New website offers ways to assist Navajoland

The Episcopal Church
Office of Public Affairs

www.navajoland.org
Jeudi, Mars 6, 2014

Opportunities abound to assist the self-sustaining ministry of Navajoland, a regional district in the Episcopal Church.  Ideas to help sustain Navajoland by volunteering or donating are offered at a visually engaging new website, http://www.navajoland.org/

The website was produced by the Episcopal Church Office of Communication in collaboration with the Navajoland Area Mission and the Development Office of The Episcopal Church.

Bishop David Bailey notes, “More than half of the Navajo people in the United States live in Navajoland. There are a significant number of homes without plumbing, heating or electricity. As a church it is important for us to have a witness to the Navajo, and to take steps for the area to be self-sustaining.”

The Episcopal Church Navajoland Area Mission encompasses more than 26,000 square miles in Arizona, New Mexico, and Utah.  While it began its work in 1889, the Episcopal Church Navajoland Area Mission was established in 1978.

As stated on the new website: Yet today there is a new spirit and energy in this land – exploring sustainable farming and aquaponics, expanding retreat opportunities, and working to heal addictions. Donations of time, talent and treasure through this website will help to further the work of The Episcopal Church in Navajoland. That work involves healing the wounds of the past so that new beginnings may emerge – leading to an indigenous clergy, economic self-sufficiency, and a deeper appreciation of the unique gifts the Navajos bring to The Episcopal Church and to the world.

How to help

Check http://www.navajoland.org/  for opportunities to help sustain Navajoland.
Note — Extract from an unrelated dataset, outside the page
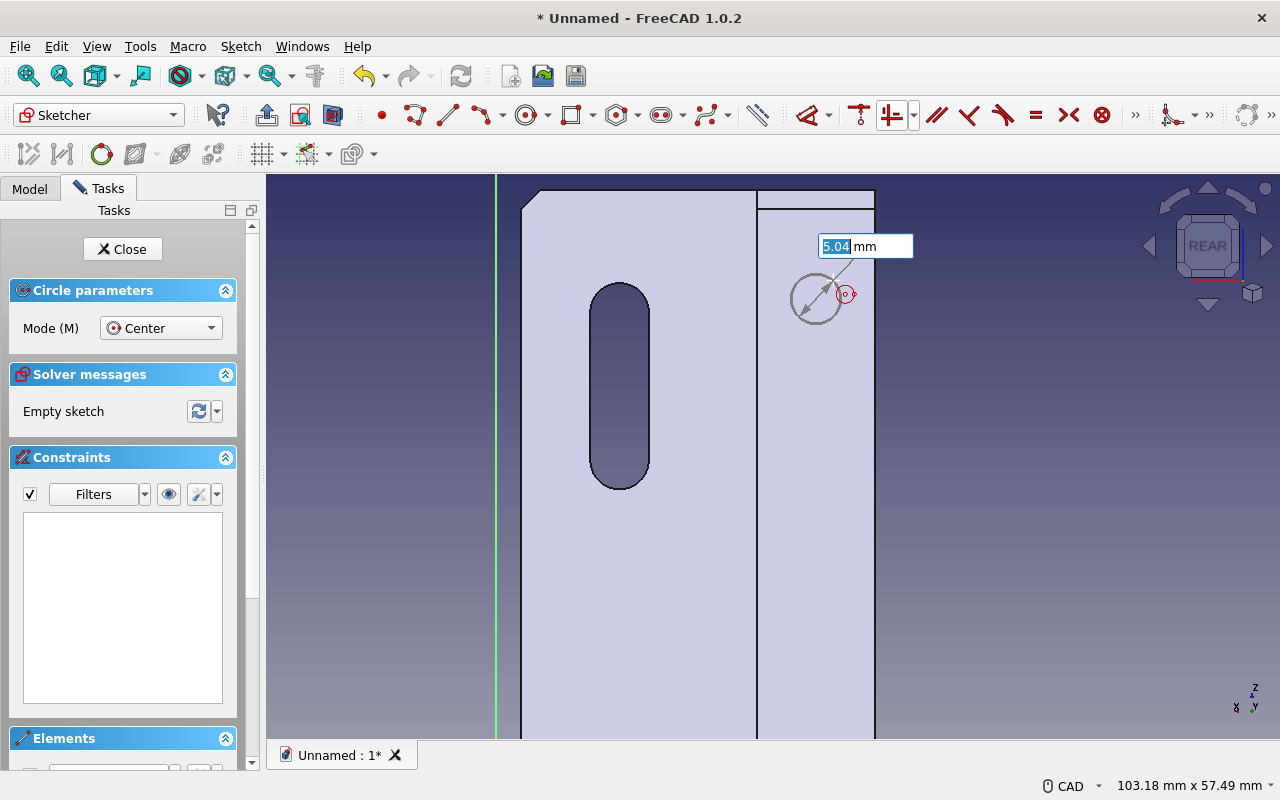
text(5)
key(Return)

Volunteers are needed, especially carpenters, experienced roofers, licensed electricians, licensed plumbers, and painters.
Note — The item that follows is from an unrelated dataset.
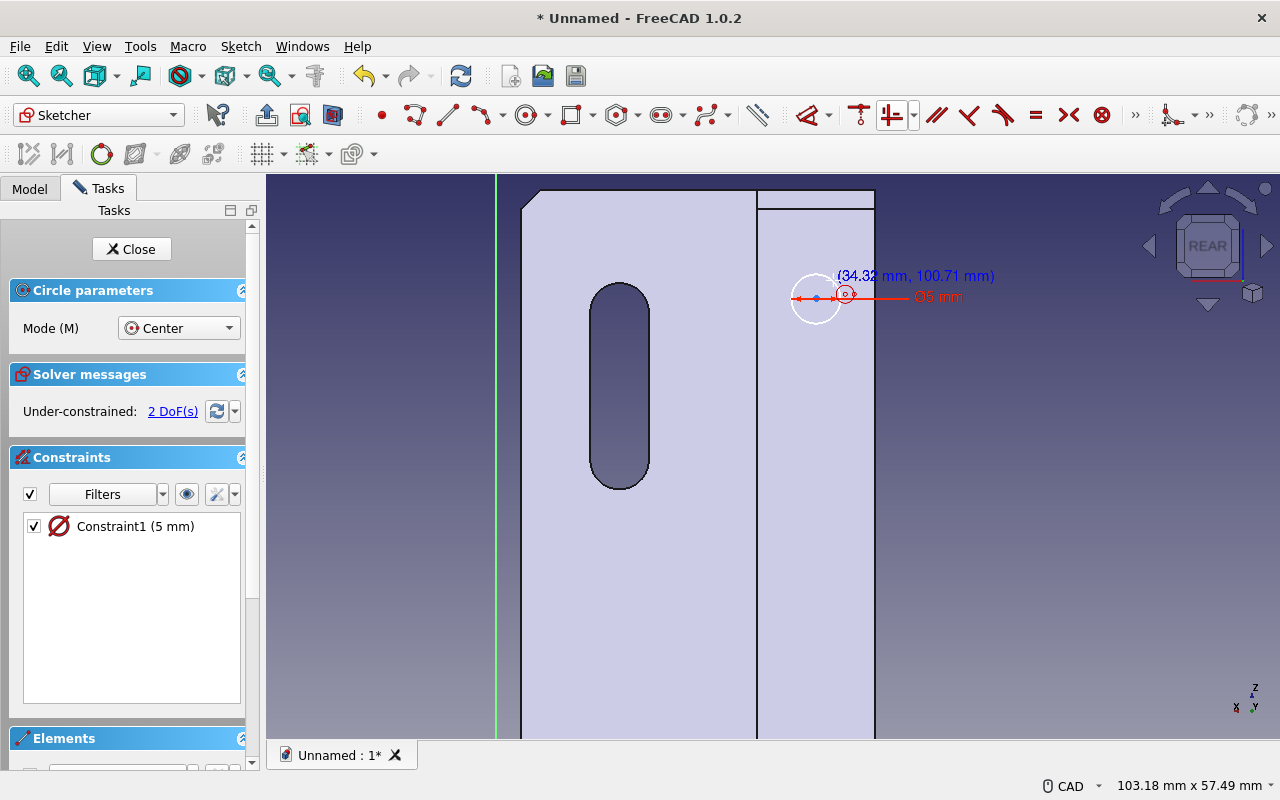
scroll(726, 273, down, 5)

Listed on the website are various levels to assist with donations. The items range from household needs and doors to computers and paint.  

Essential repairs to buildings mean that the facilities can be used for programs, such as afterschool, computer training, or for rental income to help pay for clergy salaries and program needs.

“The needs are great and the Episcopal Church has vowed to walk hand in hand with the people of Navajoland toward self-sufficiency,” Bailey said.